__EXERCISE OBJECTIVE__. Should pictures appear among the records, leave them out, and copy exactly only the lines from the first through the one with "Example of the", inclusive.
── DATA TO PROCESS ──
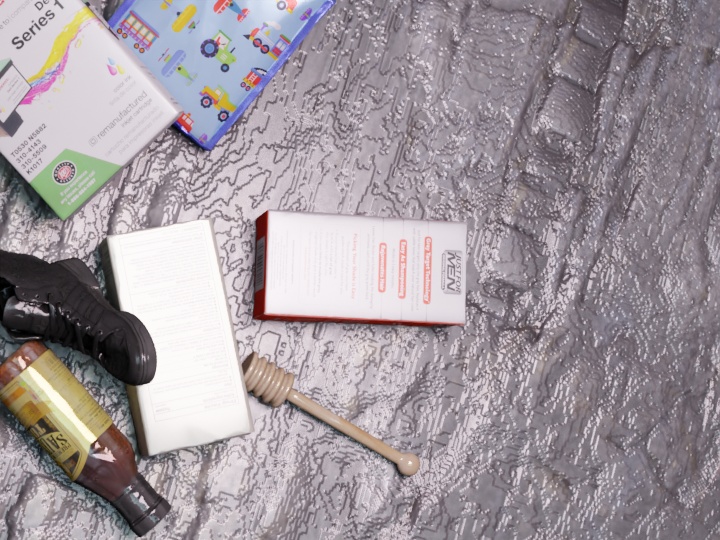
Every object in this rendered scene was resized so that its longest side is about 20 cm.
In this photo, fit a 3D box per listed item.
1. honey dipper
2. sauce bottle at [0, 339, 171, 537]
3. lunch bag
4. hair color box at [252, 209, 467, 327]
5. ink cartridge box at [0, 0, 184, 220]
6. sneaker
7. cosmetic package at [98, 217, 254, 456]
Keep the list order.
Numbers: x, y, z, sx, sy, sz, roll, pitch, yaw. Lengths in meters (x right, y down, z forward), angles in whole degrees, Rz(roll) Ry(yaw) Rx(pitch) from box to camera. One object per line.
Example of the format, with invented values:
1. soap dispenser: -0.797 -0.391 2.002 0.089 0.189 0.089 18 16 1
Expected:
1. honey dipper: -0.028 0.143 1.426 0.199 0.038 0.038 33 76 -14
2. sauce bottle: -0.248 0.152 1.343 0.066 0.066 0.200 -42 94 -16
3. lunch bag: -0.147 -0.224 1.410 0.150 0.094 0.201 41 84 -11
4. hair color box: 0.000 0.000 1.434 0.197 0.061 0.103 4 83 -14
5. ink cartridge box: -0.277 -0.168 1.342 0.145 0.084 0.200 -42 96 2
6. sneaker: -0.268 0.042 1.314 0.103 0.200 0.061 -9 130 -40
7. cosmetic package: -0.170 0.061 1.372 0.104 0.071 0.203 -9 87 -17
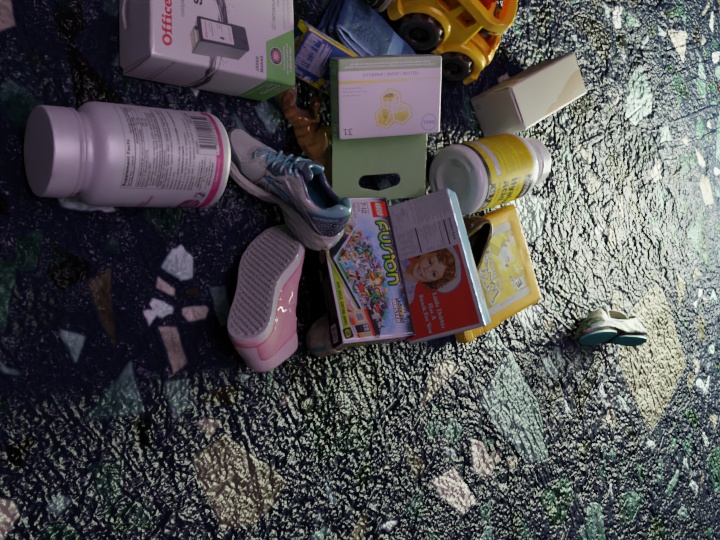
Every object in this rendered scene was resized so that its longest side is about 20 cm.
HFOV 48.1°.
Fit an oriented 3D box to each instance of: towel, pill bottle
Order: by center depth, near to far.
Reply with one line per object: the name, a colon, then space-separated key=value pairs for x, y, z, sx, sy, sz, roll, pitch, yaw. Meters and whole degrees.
pill bottle: x=-0.257 y=-0.127 z=0.896 sx=0.200 sy=0.113 sz=0.114 roll=-2 pitch=87 yaw=-40
towel: x=0.029 y=-0.319 z=1.188 sx=0.200 sy=0.049 sz=0.112 roll=38 pitch=52 yaw=-29
pill bottle: x=0.214 y=-0.160 z=1.293 sx=0.200 sy=0.111 sz=0.111 roll=-19 pitch=98 yaw=-39

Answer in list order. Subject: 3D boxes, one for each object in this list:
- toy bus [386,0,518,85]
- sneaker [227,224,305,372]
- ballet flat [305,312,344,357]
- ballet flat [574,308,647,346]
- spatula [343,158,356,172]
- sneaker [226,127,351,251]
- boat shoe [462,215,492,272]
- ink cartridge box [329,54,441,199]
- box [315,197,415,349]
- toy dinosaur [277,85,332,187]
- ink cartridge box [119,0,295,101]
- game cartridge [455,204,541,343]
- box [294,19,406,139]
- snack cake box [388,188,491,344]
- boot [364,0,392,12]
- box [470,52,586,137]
toy bus: x=0.171 y=-0.404 z=1.225 sx=0.200 sy=0.192 sz=0.136 roll=34 pitch=56 yaw=-34
sneaker: x=-0.114 y=0.039 z=1.033 sx=0.105 sy=0.075 sz=0.200 roll=76 pitch=21 yaw=-47
ballet flat: x=0.005 y=0.055 z=1.128 sx=0.200 sy=0.062 sz=0.067 roll=-46 pitch=114 yaw=-34
ballet flat: x=0.459 y=0.105 z=1.510 sx=0.200 sy=0.074 sz=0.074 roll=10 pitch=79 yaw=-41
spatula: x=0.016 y=-0.203 z=1.178 sx=0.057 sy=0.021 sz=0.200 roll=52 pitch=41 yaw=-22
sneaker: x=-0.088 y=-0.121 z=1.022 sx=0.200 sy=0.086 sz=0.078 roll=41 pitch=46 yaw=0
boat shoe: x=0.134 y=0.004 z=1.213 sx=0.072 sy=0.068 sz=0.200 roll=28 pitch=82 yaw=-20
ink cartridge box: x=0.033 y=-0.186 z=1.085 sx=0.145 sy=0.048 sz=0.200 roll=-7 pitch=110 yaw=-17
box: x=0.000 y=0.000 z=1.086 sx=0.110 sy=0.035 sz=0.200 roll=-4 pitch=74 yaw=-26
toy dinosaur: x=-0.057 y=-0.174 z=1.118 sx=0.106 sy=0.060 sz=0.200 roll=-38 pitch=121 yaw=-20
ink cartridge box: x=-0.185 y=-0.303 z=0.993 sx=0.200 sy=0.084 sz=0.146 roll=1 pitch=85 yaw=-40
game cartridge: x=0.208 y=0.002 z=1.323 sx=0.200 sy=0.032 sz=0.176 roll=-25 pitch=101 yaw=-39
box: x=-0.009 y=-0.261 z=1.108 sx=0.200 sy=0.070 sz=0.064 roll=26 pitch=107 yaw=-26
snack cake box: x=0.104 y=-0.005 z=1.156 sx=0.067 sy=0.115 sz=0.200 roll=0 pitch=75 yaw=-73
boot: x=-0.034 y=-0.458 z=1.123 sx=0.150 sy=0.073 sz=0.200 roll=4 pitch=64 yaw=-37
box: x=0.290 y=-0.300 z=1.384 sx=0.200 sy=0.095 sz=0.078 roll=-33 pitch=107 yaw=-36
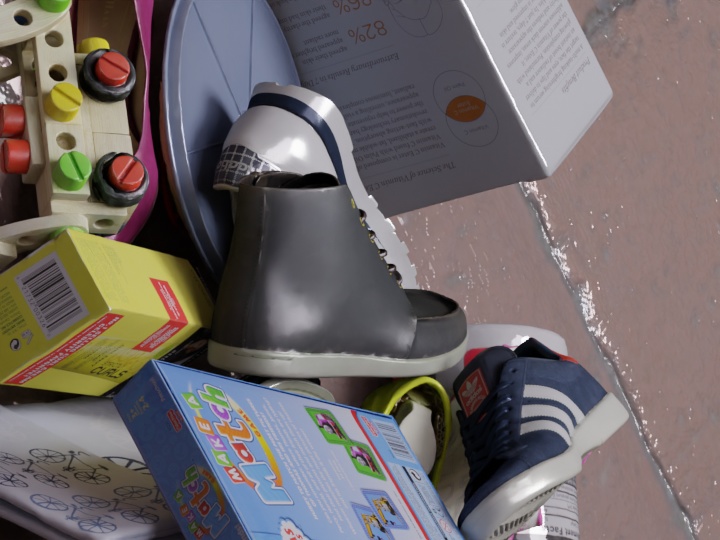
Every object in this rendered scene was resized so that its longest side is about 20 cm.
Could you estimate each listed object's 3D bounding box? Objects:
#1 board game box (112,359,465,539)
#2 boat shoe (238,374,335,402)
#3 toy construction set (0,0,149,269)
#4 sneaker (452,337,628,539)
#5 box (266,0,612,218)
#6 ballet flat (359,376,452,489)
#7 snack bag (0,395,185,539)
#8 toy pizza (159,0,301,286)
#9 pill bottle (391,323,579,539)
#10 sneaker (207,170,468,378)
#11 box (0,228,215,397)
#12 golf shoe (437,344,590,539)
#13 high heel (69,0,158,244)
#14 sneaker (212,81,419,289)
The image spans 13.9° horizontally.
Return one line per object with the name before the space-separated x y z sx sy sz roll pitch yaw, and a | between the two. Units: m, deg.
board game box | -0.018 0.124 1.453 0.200 0.037 0.152 18 34 -52
boat shoe | -0.047 0.087 1.653 0.075 0.066 0.199 -55 157 2
toy construction set | -0.183 -0.070 1.534 0.130 0.092 0.201 2 76 -22
sneaker | 0.078 0.090 1.609 0.085 0.075 0.200 46 21 4
box | 0.033 -0.149 1.797 0.201 0.152 0.106 62 39 -18
ballet flat | 0.007 0.143 1.606 0.067 0.067 0.201 26 61 -16
snack bag | -0.131 0.099 1.495 0.200 0.188 0.022 -2 109 -52
toy pizza | -0.078 -0.077 1.707 0.200 0.032 0.201 -8 90 -69
pill bottle | 0.077 0.140 1.794 0.110 0.110 0.201 15 67 -48
sneaker | 0.000 0.000 1.620 0.200 0.075 0.107 -3 104 -54
box | -0.134 0.025 1.529 0.050 0.075 0.200 59 9 12
golf shoe | 0.051 0.136 1.701 0.091 0.075 0.200 42 80 7
high heel | -0.146 -0.100 1.605 0.096 0.067 0.201 78 10 -53
sneaker | -0.030 -0.013 1.688 0.200 0.076 0.081 60 44 -39
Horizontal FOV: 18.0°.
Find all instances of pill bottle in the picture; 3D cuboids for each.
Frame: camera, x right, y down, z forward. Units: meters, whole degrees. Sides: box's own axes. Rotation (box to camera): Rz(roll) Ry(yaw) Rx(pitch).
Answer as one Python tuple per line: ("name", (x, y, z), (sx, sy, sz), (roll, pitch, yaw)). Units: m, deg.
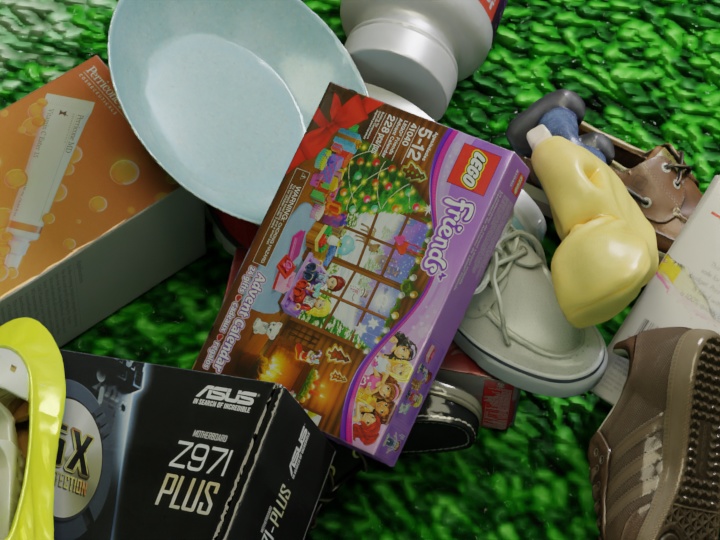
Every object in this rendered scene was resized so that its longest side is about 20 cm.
("pill bottle", (0.050, -0.202, 1.603), (0.110, 0.112, 0.201), (16, 58, 8))

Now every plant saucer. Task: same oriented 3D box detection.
("plant saucer", (-0.082, -0.108, 1.476), (0.200, 0.039, 0.202), (19, 52, -26))

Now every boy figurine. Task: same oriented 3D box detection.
("boy figurine", (0.143, -0.030, 1.408), (0.064, 0.125, 0.201), (-30, 32, 15))

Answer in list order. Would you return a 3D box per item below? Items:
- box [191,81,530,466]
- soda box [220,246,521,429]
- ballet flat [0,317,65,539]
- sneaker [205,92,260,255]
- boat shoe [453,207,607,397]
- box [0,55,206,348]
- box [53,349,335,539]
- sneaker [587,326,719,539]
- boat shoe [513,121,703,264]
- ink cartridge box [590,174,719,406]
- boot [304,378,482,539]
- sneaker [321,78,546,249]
("box", (0.000, 0.000, 1.379), (0.136, 0.039, 0.201), (22, 83, 25))
("soda box", (0.009, 0.044, 1.469), (0.198, 0.064, 0.070), (10, 55, 4))
("ballet flat", (-0.206, 0.098, 1.297), (0.066, 0.067, 0.201), (-20, 52, 19))
("sneaker", (-0.084, -0.077, 1.533), (0.077, 0.085, 0.200), (-35, 64, -21))
("boat shoe", (0.077, -0.008, 1.417), (0.074, 0.086, 0.202), (-35, 63, -23))
("box", (-0.215, -0.027, 1.488), (0.199, 0.098, 0.124), (-34, 65, -22))
("box", (-0.139, 0.144, 1.335), (0.198, 0.086, 0.165), (8, 63, 29))
("sneaker", (0.173, 0.133, 1.376), (0.075, 0.070, 0.202), (1, 70, 43))
("boat shoe", (0.193, -0.050, 1.519), (0.198, 0.069, 0.072), (21, 18, 10))
("ink cartridge box", (0.245, 0.023, 1.438), (0.116, 0.067, 0.201), (33, 91, 17))
("boot", (-0.027, 0.143, 1.398), (0.201, 0.074, 0.155), (-1, 58, 8))
("sneaker", (0.025, -0.057, 1.531), (0.199, 0.074, 0.082), (32, 58, 19))
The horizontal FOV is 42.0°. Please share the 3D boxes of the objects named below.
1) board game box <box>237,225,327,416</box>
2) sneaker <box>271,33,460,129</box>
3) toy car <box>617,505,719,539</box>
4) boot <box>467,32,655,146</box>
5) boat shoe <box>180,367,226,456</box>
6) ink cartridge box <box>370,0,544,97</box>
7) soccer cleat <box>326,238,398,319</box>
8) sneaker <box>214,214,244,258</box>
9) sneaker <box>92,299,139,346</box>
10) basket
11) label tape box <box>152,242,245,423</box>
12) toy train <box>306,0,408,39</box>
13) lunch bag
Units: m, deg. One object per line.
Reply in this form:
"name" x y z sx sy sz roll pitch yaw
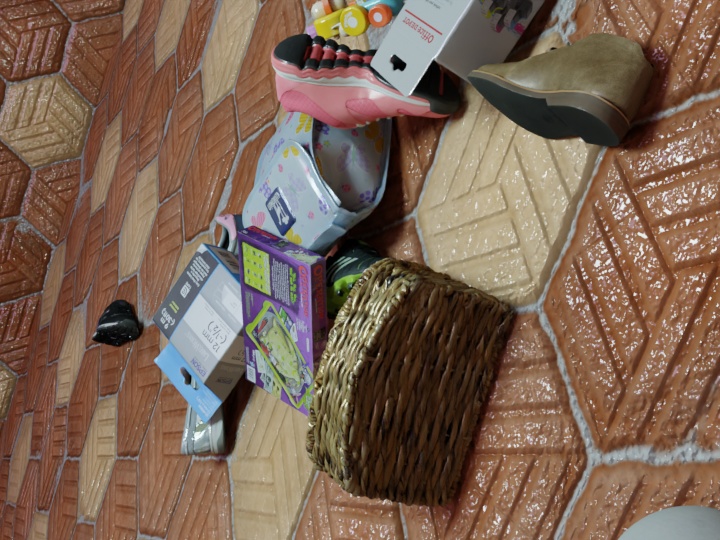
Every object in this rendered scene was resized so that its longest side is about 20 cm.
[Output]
"board game box" -0.087 0.059 1.058 0.120 0.032 0.201 28 128 40
"sneaker" 0.005 -0.186 0.983 0.087 0.199 0.074 99 -175 -48
"toy car" 0.189 0.168 0.432 0.177 0.200 0.185 29 104 62
"boot" 0.166 -0.157 0.786 0.076 0.074 0.200 -56 32 -3
"boat shoe" -0.233 0.172 1.351 0.075 0.065 0.202 96 165 -54
"ink cartridge box" 0.103 -0.251 0.890 0.200 0.068 0.115 -56 32 15
"soccer cleat" 0.000 0.000 1.017 0.200 0.067 0.081 -17 51 60
"sneaker" -0.199 0.014 1.360 0.070 0.082 0.201 20 96 63
"sneaker" -0.492 0.094 1.892 0.200 0.076 0.088 -19 55 59
"basket" 0.019 0.091 0.848 0.149 0.142 0.201 29 103 61
"label tape box" -0.212 0.086 1.277 0.143 0.066 0.200 43 102 34
"toy train" 0.015 -0.300 1.020 0.056 0.150 0.200 66 165 -17
"lunch bag" -0.053 -0.100 1.074 0.170 0.127 0.200 -44 34 49
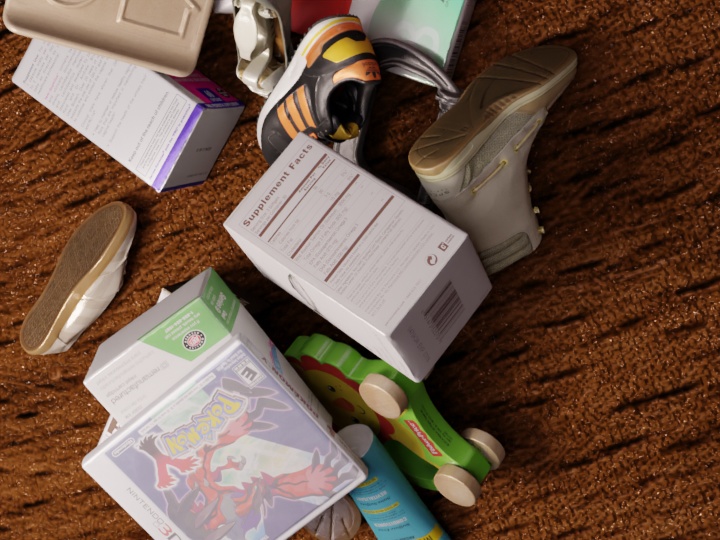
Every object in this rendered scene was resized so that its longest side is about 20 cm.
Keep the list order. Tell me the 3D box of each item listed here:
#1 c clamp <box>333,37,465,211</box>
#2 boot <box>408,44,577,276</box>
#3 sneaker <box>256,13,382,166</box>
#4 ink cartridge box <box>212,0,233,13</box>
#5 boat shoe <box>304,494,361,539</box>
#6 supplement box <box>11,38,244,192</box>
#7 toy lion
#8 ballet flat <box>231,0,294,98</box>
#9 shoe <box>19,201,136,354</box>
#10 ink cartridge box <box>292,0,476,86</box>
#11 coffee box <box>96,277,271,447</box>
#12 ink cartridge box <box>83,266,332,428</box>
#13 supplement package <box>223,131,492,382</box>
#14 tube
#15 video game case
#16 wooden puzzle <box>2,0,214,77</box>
[{"bbox_3d":[0.052,-0.119,1.320,0.170,0.027,0.201,23,125,24],"label":"c clamp"},{"bbox_3d":[0.142,-0.101,1.279,0.072,0.200,0.155,23,147,46],"label":"boot"},{"bbox_3d":[-0.039,-0.145,1.305,0.090,0.070,0.200,63,143,28],"label":"sneaker"},{"bbox_3d":[-0.063,-0.340,1.296,0.199,0.085,0.146,-14,93,37],"label":"ink cartridge box"},{"bbox_3d":[-0.077,0.197,1.416,0.200,0.072,0.072,42,95,0],"label":"boat shoe"},{"bbox_3d":[-0.235,-0.180,1.399,0.200,0.101,0.104,35,108,11],"label":"supplement box"},{"bbox_3d":[0.017,0.140,1.349,0.191,0.069,0.200,-8,127,52],"label":"toy lion"},{"bbox_3d":[-0.096,-0.211,1.302,0.067,0.064,0.200,21,149,12],"label":"ballet flat"},{"bbox_3d":[-0.295,0.011,1.484,0.200,0.053,0.070,-53,47,16],"label":"shoe"},{"bbox_3d":[0.015,-0.282,1.319,0.199,0.050,0.162,20,105,14],"label":"ink cartridge box"},{"bbox_3d":[-0.183,0.113,1.420,0.080,0.114,0.201,29,108,13],"label":"coffee box"},{"bbox_3d":[-0.141,0.124,1.311,0.145,0.088,0.200,-34,107,12],"label":"ink cartridge box"},{"bbox_3d":[-0.001,-0.013,1.238,0.200,0.117,0.117,34,80,28],"label":"supplement package"},{"bbox_3d":[0.031,0.234,1.361,0.077,0.051,0.200,-12,129,26],"label":"tube"},{"bbox_3d":[-0.125,0.182,1.274,0.200,0.023,0.182,-39,105,13],"label":"video game case"},{"bbox_3d":[-0.220,-0.299,1.277,0.184,0.046,0.201,13,106,-16],"label":"wooden puzzle"}]
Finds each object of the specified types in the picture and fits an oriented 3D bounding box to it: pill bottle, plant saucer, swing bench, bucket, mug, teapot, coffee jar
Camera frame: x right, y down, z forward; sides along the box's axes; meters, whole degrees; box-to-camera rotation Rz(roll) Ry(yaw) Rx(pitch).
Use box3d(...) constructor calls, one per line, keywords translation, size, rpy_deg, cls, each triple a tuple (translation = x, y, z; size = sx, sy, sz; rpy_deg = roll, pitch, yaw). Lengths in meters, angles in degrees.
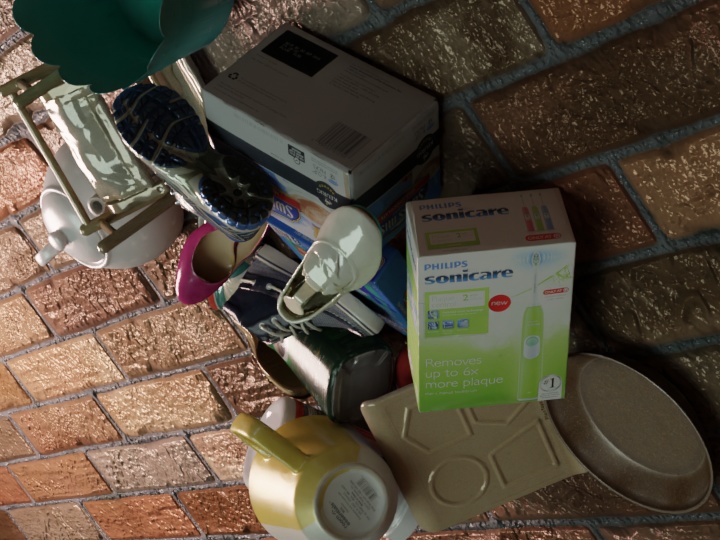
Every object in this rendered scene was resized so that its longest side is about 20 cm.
box3d(translation=(-0.025, 0.234, 1.895), size=(0.199, 0.116, 0.116), rpy_deg=(25, 154, -16), cls="pill bottle")
box3d(translation=(0.270, 0.152, 1.615), size=(0.200, 0.037, 0.201), rpy_deg=(32, 147, 25), cls="plant saucer")
box3d(translation=(-0.258, -0.160, 1.805), size=(0.199, 0.200, 0.130), rpy_deg=(63, 168, -21), cls="swing bench")
box3d(translation=(-0.233, -0.286, 1.617), size=(0.207, 0.135, 0.208), rpy_deg=(16, 119, 30), cls="bucket")
box3d(translation=(-0.048, 0.236, 1.748), size=(0.153, 0.186, 0.150), rpy_deg=(-175, 91, -73), cls="mug")
box3d(translation=(-0.327, -0.072, 2.019), size=(0.197, 0.146, 0.200), rpy_deg=(27, 144, 33), cls="teapot")
box3d(translation=(-0.047, 0.074, 1.836), size=(0.200, 0.085, 0.105), rpy_deg=(46, 142, 42), cls="coffee jar")

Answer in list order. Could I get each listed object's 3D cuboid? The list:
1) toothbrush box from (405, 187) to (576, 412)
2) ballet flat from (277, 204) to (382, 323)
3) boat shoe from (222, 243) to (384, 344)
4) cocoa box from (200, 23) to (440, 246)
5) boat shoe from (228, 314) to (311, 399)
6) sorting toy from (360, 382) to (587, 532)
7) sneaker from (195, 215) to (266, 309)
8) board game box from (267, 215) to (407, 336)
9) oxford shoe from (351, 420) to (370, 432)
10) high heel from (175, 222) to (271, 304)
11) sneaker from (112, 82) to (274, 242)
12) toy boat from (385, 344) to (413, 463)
box3d(translation=(0.119, 0.030, 1.534), size=(0.086, 0.145, 0.200), rpy_deg=(-100, 6, -50), cls="toothbrush box")
box3d(translation=(-0.033, 0.005, 1.548), size=(0.069, 0.069, 0.200), rpy_deg=(46, 153, 3), cls="ballet flat")
box3d(translation=(-0.063, 0.049, 1.751), size=(0.200, 0.093, 0.075), rpy_deg=(28, 170, 46), cls="boat shoe")
box3d(translation=(-0.037, -0.124, 1.598), size=(0.200, 0.133, 0.131), rpy_deg=(30, 146, 29), cls="cocoa box")
box3d(translation=(-0.096, 0.099, 1.961), size=(0.200, 0.072, 0.072), rpy_deg=(45, 162, 47), cls="boat shoe")
box3d(translation=(0.122, 0.173, 1.728), size=(0.037, 0.199, 0.186), rpy_deg=(-96, -17, -61), cls="sorting toy")
box3d(translation=(-0.135, -0.031, 1.917), size=(0.093, 0.070, 0.200), rpy_deg=(10, 130, 12), cls="sneaker")
box3d(translation=(0.000, 0.000, 1.704), size=(0.152, 0.045, 0.200), rpy_deg=(30, 170, 27), cls="board game box")
box3d(translation=(0.007, 0.180, 1.952), size=(0.075, 0.070, 0.200), rpy_deg=(5, 129, 47), cls="oxford shoe")
box3d(translation=(-0.155, -0.020, 1.824), size=(0.067, 0.096, 0.200), rpy_deg=(24, 119, -16), cls="high heel")
box3d(translation=(-0.171, -0.098, 1.603), size=(0.200, 0.077, 0.085), rpy_deg=(45, 157, 13), cls="sneaker")
box3d(translation=(0.078, 0.181, 1.801), size=(0.130, 0.131, 0.200), rpy_deg=(29, 144, 30), cls="toy boat")
───
__EXERCISE RESPONSE__.
Every object in this rendered scene was resized so that its longest side is about 20 cm.
In this photo, fit a 3D box per listed item.
1. honey dipper
2. sauce bottle at [0, 339, 171, 537]
3. lunch bag
4. hair color box at [252, 209, 467, 327]
5. ink cartridge box at [0, 0, 184, 220]
6. sneaker
7. cosmetic package at [98, 217, 254, 456]
Keep the list order.
Numbers: x, y, z, sx, sy, sz, roll, pitch, yaw. Lengths in meters (x right, y down, z forward), angles in whole degrees, Rz(roll) Ry(yaw) Rx(pitch) from box to camera. One object per line.
Example of the format, with invented values:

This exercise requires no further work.